Evaluating the effects of nonlinear optical gain and thermal carrier escape on the performance of InGaAs/GaAs self-assembled quantum dot lasers

Abstract

The present paper reports the effects of nonlinear optical gain and thermal carrier escape on light-current characteristics in self-assembled quantum dot (QD) lasers based on a rate equation model. Comparison of the obtained simulated results with empirical findings showed that it is necessary to consider the effects of thermal carrier escape and nonlinear optical gain in order to evaluate dynamic and static characteristics of self-assembled QD lasers. Moreover, it was revealed that the describing terms of the thermal carrier escape from QDs is not enough in order to describe the effects of temperature on dynamics of carrier escape.

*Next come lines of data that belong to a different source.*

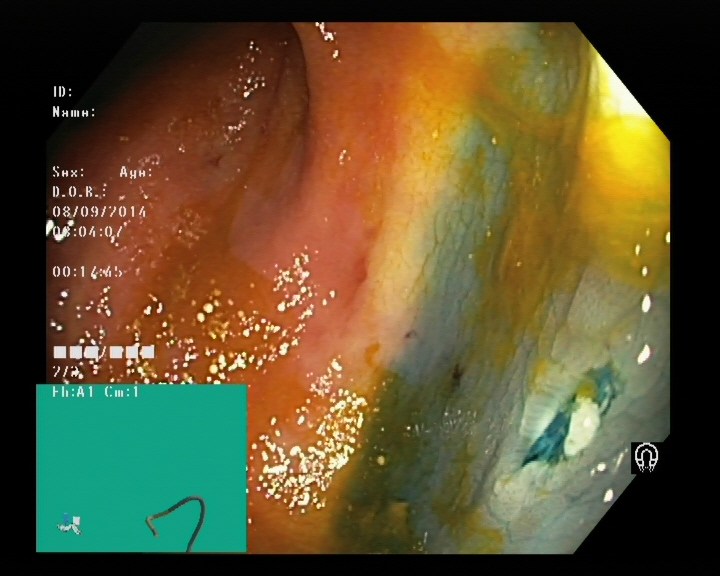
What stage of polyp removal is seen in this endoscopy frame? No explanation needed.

dyed resection margin (post-polypectomy)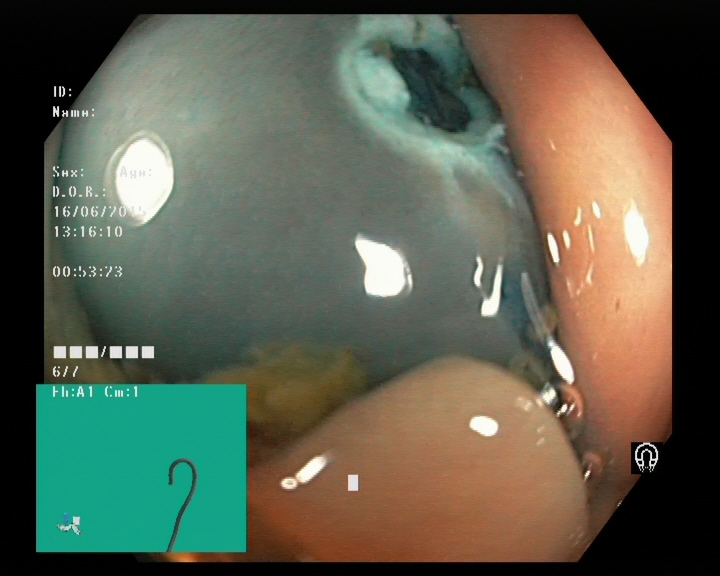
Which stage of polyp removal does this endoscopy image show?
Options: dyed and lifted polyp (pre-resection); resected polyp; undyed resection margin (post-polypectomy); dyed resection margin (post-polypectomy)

dyed resection margin (post-polypectomy)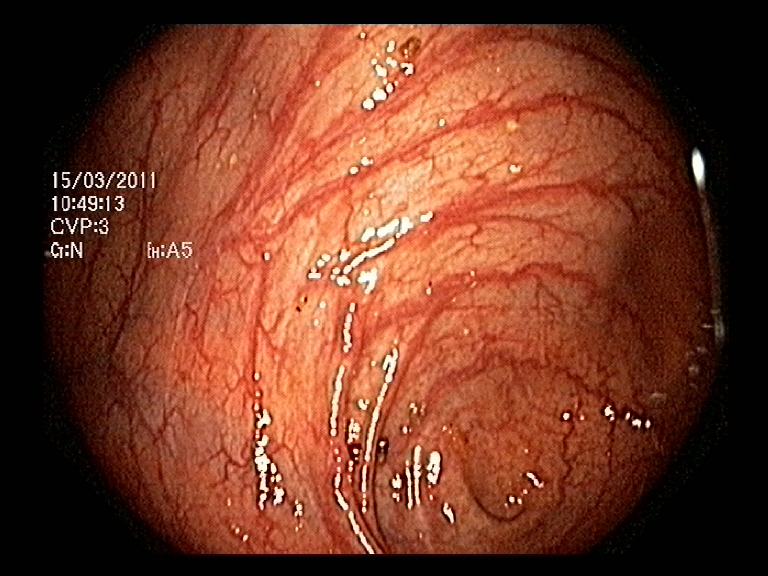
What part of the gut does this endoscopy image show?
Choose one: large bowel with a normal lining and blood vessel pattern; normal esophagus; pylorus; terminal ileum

large bowel with a normal lining and blood vessel pattern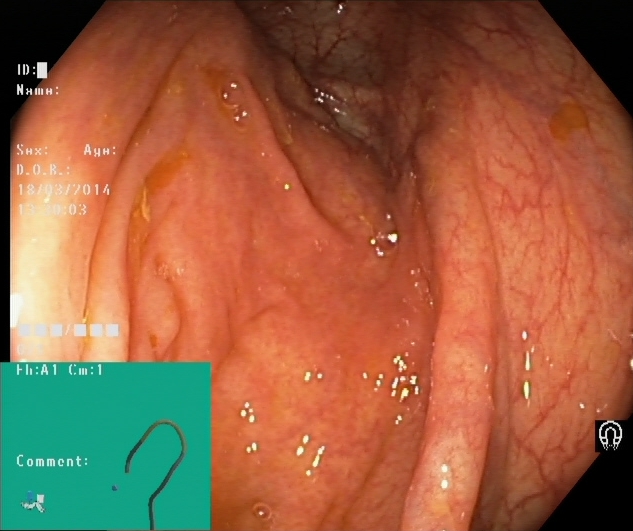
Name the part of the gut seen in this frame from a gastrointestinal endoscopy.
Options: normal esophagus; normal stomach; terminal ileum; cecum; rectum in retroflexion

cecum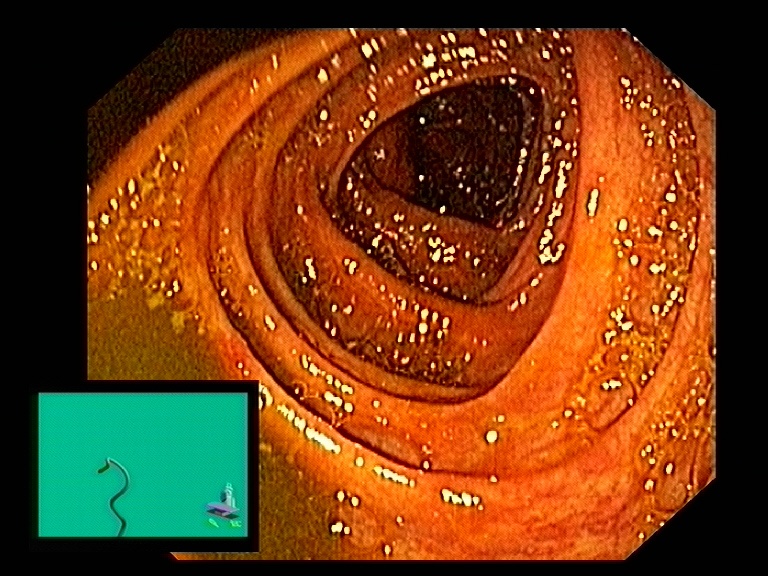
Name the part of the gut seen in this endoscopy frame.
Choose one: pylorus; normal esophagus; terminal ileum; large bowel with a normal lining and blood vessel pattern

large bowel with a normal lining and blood vessel pattern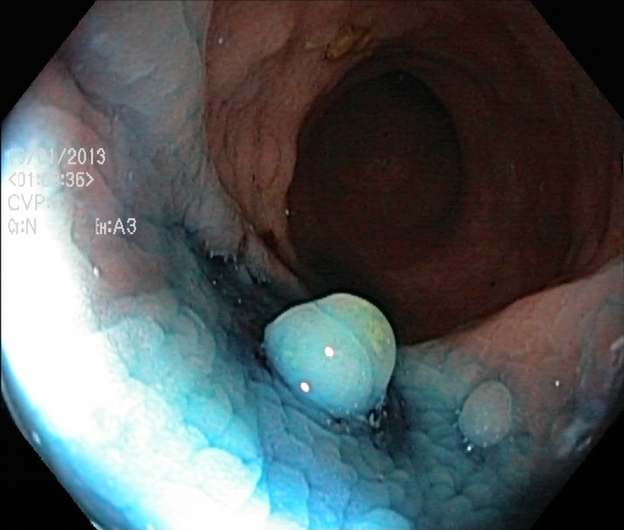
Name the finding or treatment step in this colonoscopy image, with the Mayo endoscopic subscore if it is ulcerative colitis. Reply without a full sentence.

dyed and lifted polyp (pre-resection)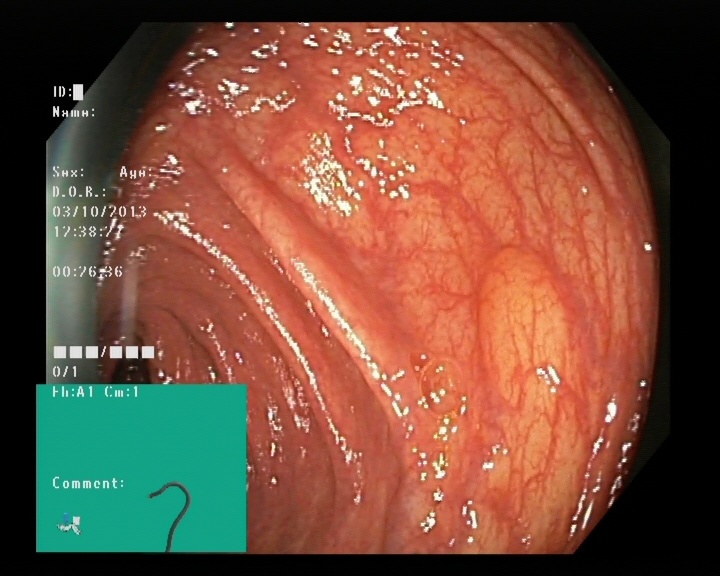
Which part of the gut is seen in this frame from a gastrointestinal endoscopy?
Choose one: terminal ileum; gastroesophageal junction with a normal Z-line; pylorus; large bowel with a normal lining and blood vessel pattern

large bowel with a normal lining and blood vessel pattern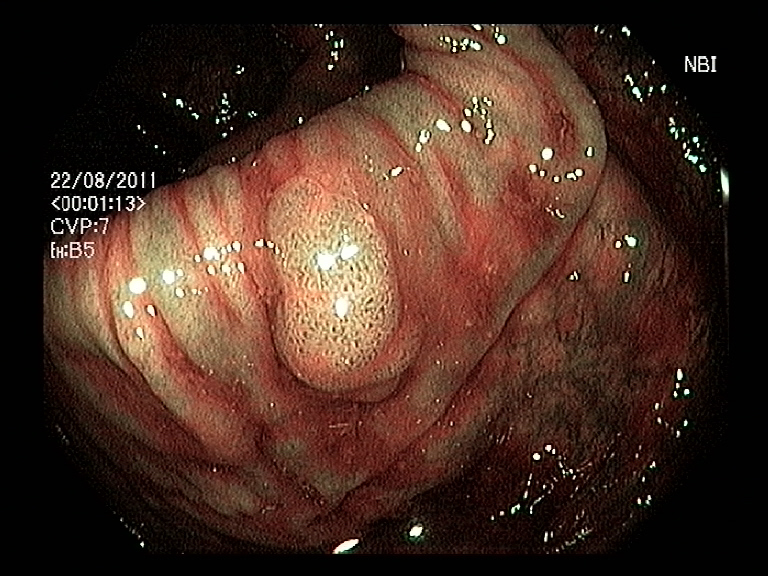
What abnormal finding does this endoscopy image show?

colon polyp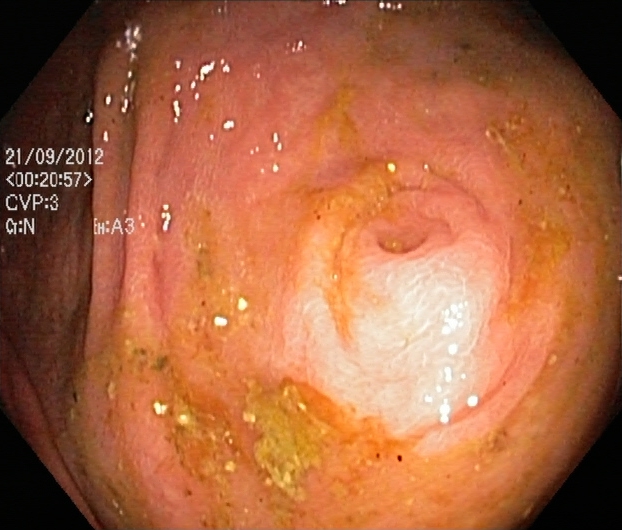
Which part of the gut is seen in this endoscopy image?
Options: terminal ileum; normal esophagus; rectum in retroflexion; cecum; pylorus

cecum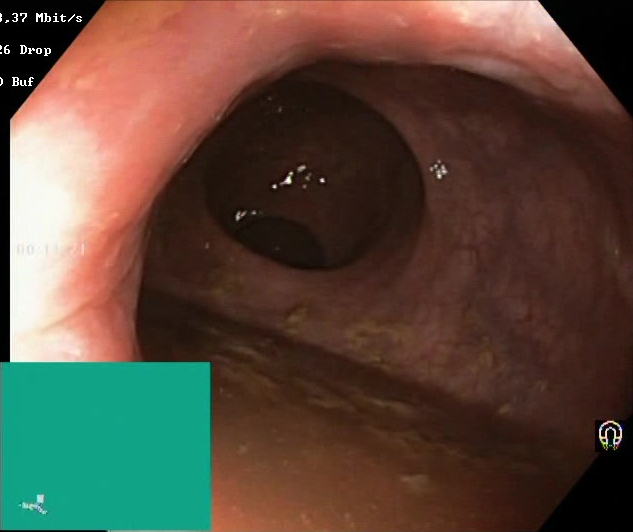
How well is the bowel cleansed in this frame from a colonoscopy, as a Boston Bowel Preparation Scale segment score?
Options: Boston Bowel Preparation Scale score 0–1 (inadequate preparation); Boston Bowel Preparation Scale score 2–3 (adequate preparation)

Boston Bowel Preparation Scale score 0–1 (inadequate preparation)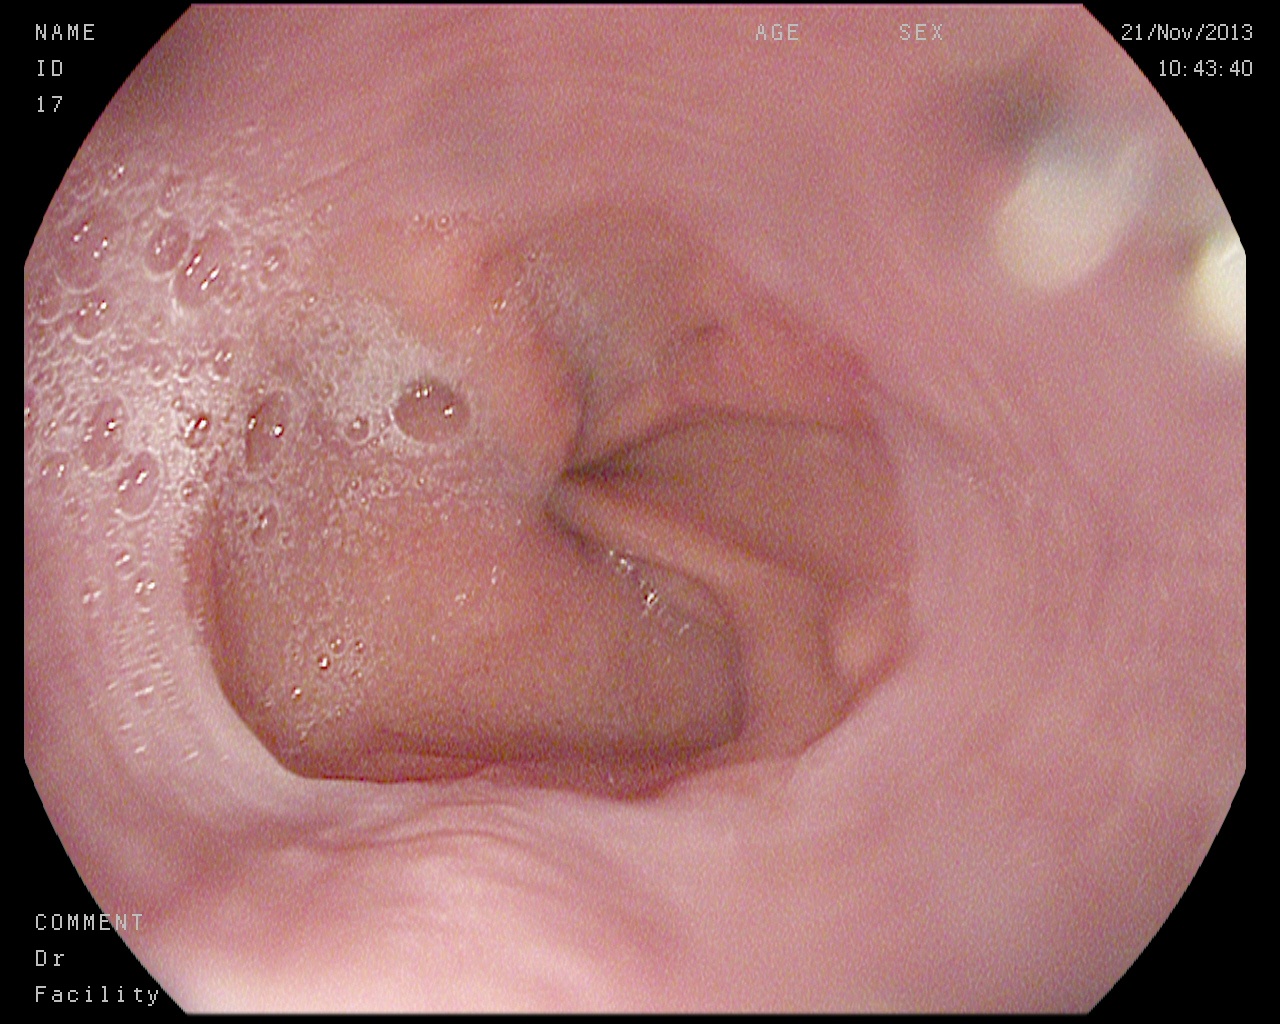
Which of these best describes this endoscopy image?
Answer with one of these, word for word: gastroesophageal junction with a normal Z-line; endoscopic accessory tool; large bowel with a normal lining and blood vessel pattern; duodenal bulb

gastroesophageal junction with a normal Z-line

Also, it was found that rate of (thermal) carriers stimulation depends directly on the inhomogeneous broadening (IHB). In other words, changes of IHB effects on the dynamics of thermal carrier changes. In addition, the results showed that optimized amount of homogenous broadening (HB) in which the maximum emission occurs in the central mode depended on both IHB and temperature. Comparing two conditions of linear and total optical gain illustrated that output power decreases if linear gain is replaced by total gain; also, lasing emissions broadens and number of lasing modes increases by increase in current. Investigating the effect of carrier’s relaxation lifetime on output power showed that increase of relaxation lifetime increases the threshold current and decreases the output power and slope efficiency. Furthermore, increase in relaxation lifetime caused decline in maximum output power and broadening of lasing spectrum.